Die Hürden für Volksentscheide sind in Bremen selbst nach Auffassung des Justizressorts zu hoch. Das sagte gestern Justiz-Staatssekretär Ulrich Mäurer vor dem Staatsgerichtshof. Allerdings sei eine Änderung des Procederes die Aufgabe der Bremischen Bürgerschaft. Das oberste Bremische Gericht verhandelte gestern darüber, ob die Initiative „Mehr Demokratie in Bremen“ ein Volksentscheid durchführen darf, um mehr Bürgerdemokratie durchzusetzen.
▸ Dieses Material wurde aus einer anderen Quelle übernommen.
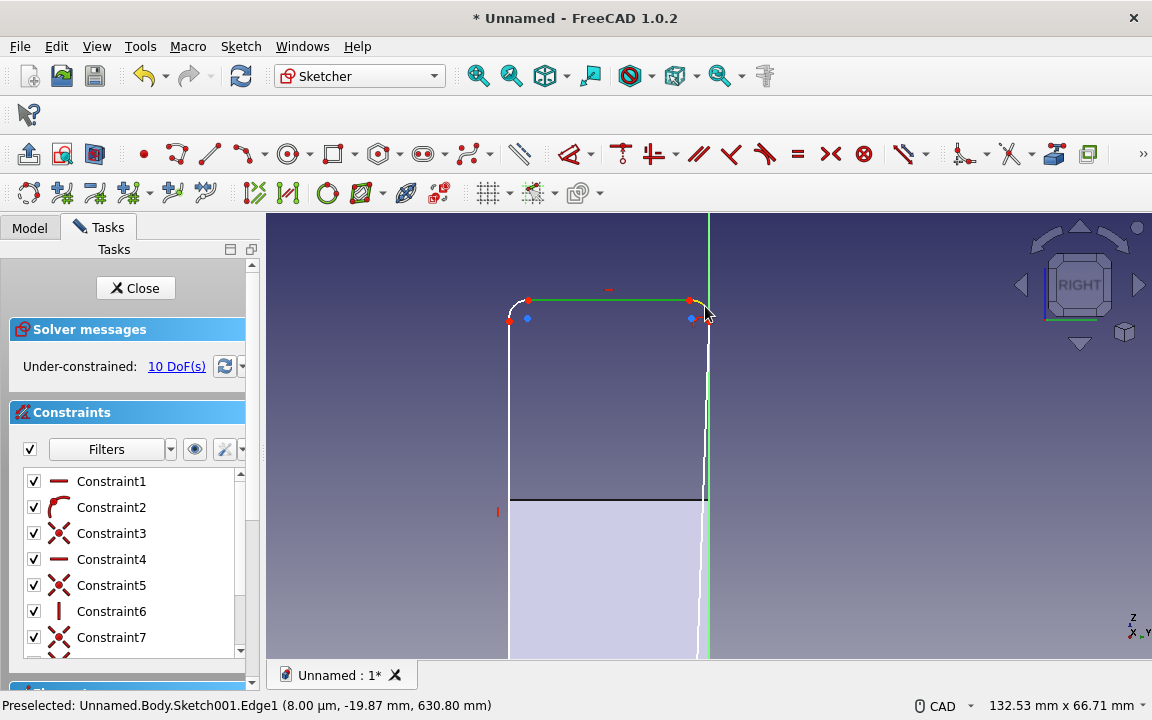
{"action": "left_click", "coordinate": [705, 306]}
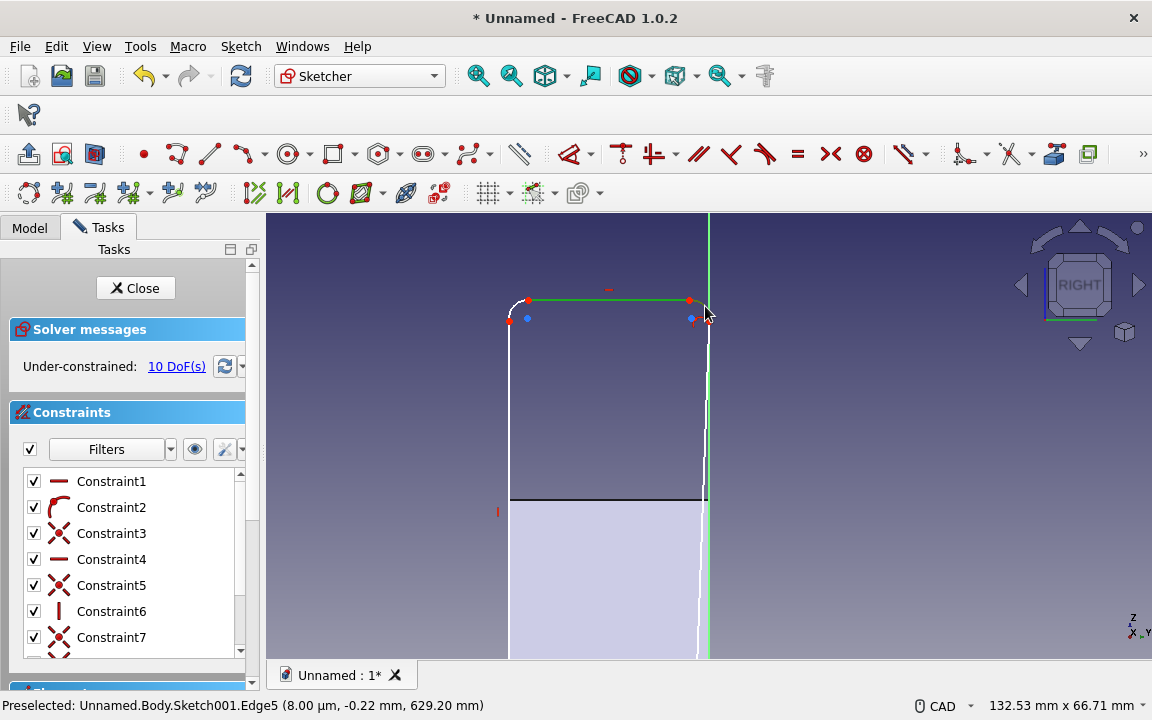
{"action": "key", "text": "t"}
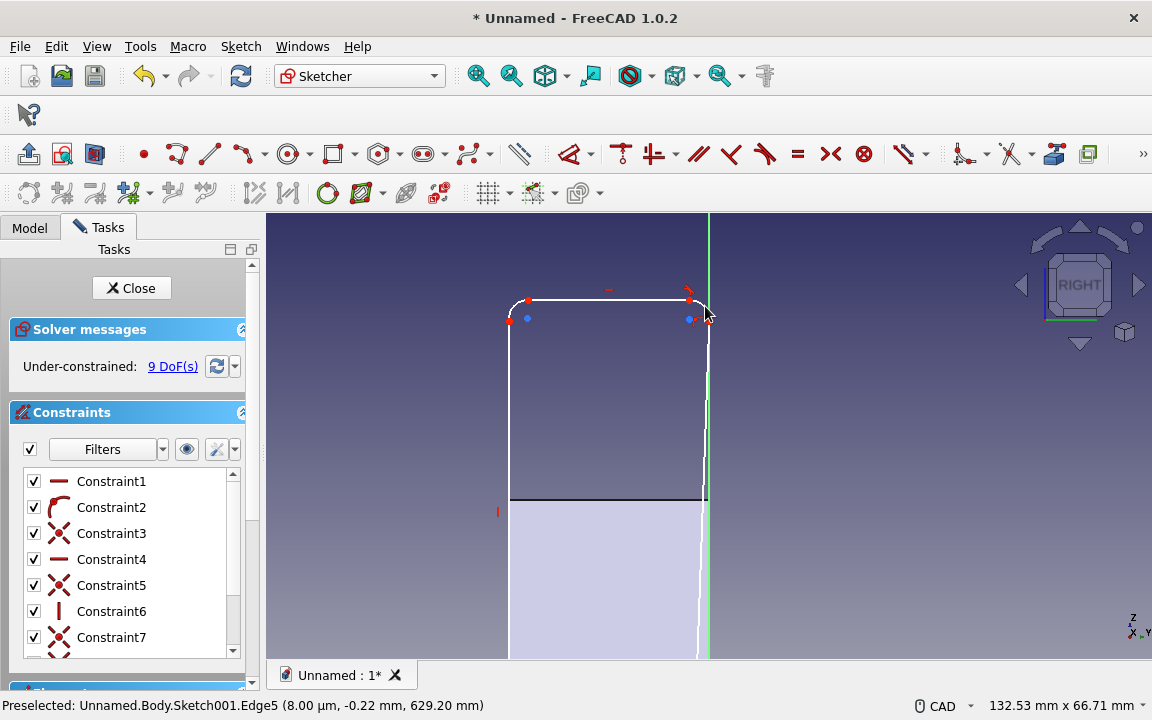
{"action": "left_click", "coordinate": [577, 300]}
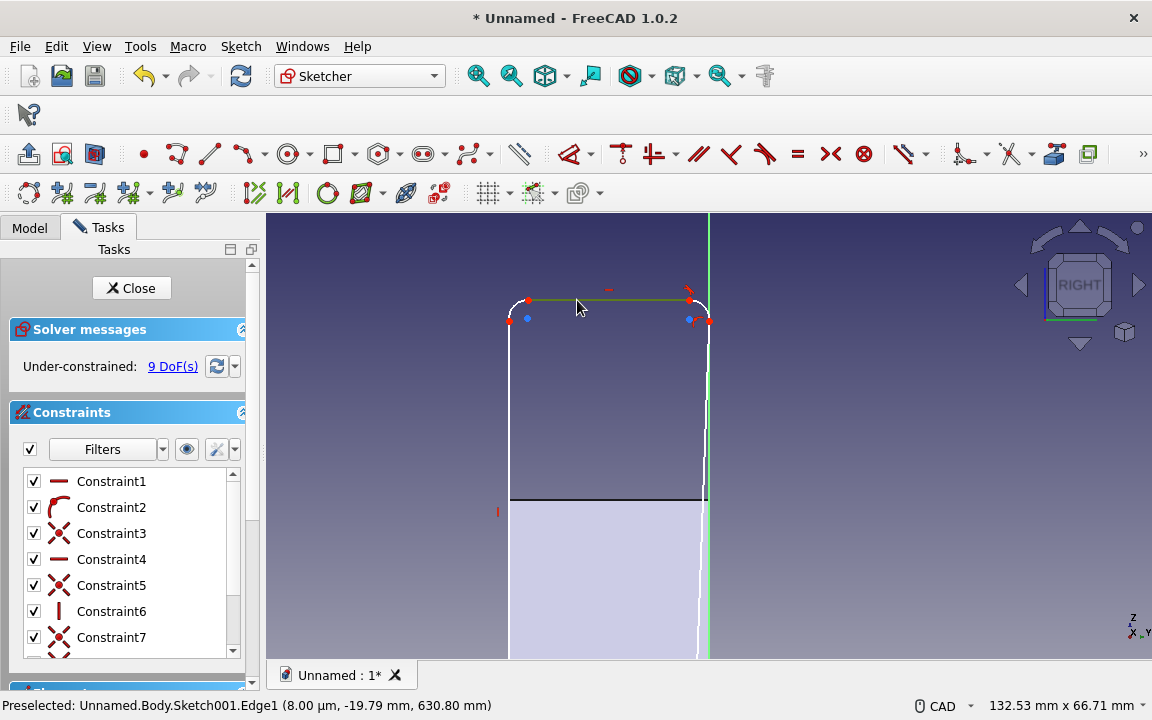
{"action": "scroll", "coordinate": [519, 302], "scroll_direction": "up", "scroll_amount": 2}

Vor mehr als einem Jahr hatte der bundesweit agierende Verein „Mehr Demokratie“ eine Initiative gestartet, mit der mehr Bürgerbeteiligung in politischen Fragen erreicht werden soll. Derzeit ist die Bürgerabstimmung in Bremen dreigeteilt: Für einen Zulassungsantrag müssen 5.000 Unterschriften gesammelt werden. Für das folgende Volksbegehren müssen rund 52.000 Unterschriften gesammelt werden, bei Verfassungsänderungen sogar doppelt so viele. Wäre das Volksbegehren erfolgreich, käme es zum Volksentscheid: Rund 130.000 Unterschriften für einfache Gesetze, bei Verfassungsänderungen rund 260.000.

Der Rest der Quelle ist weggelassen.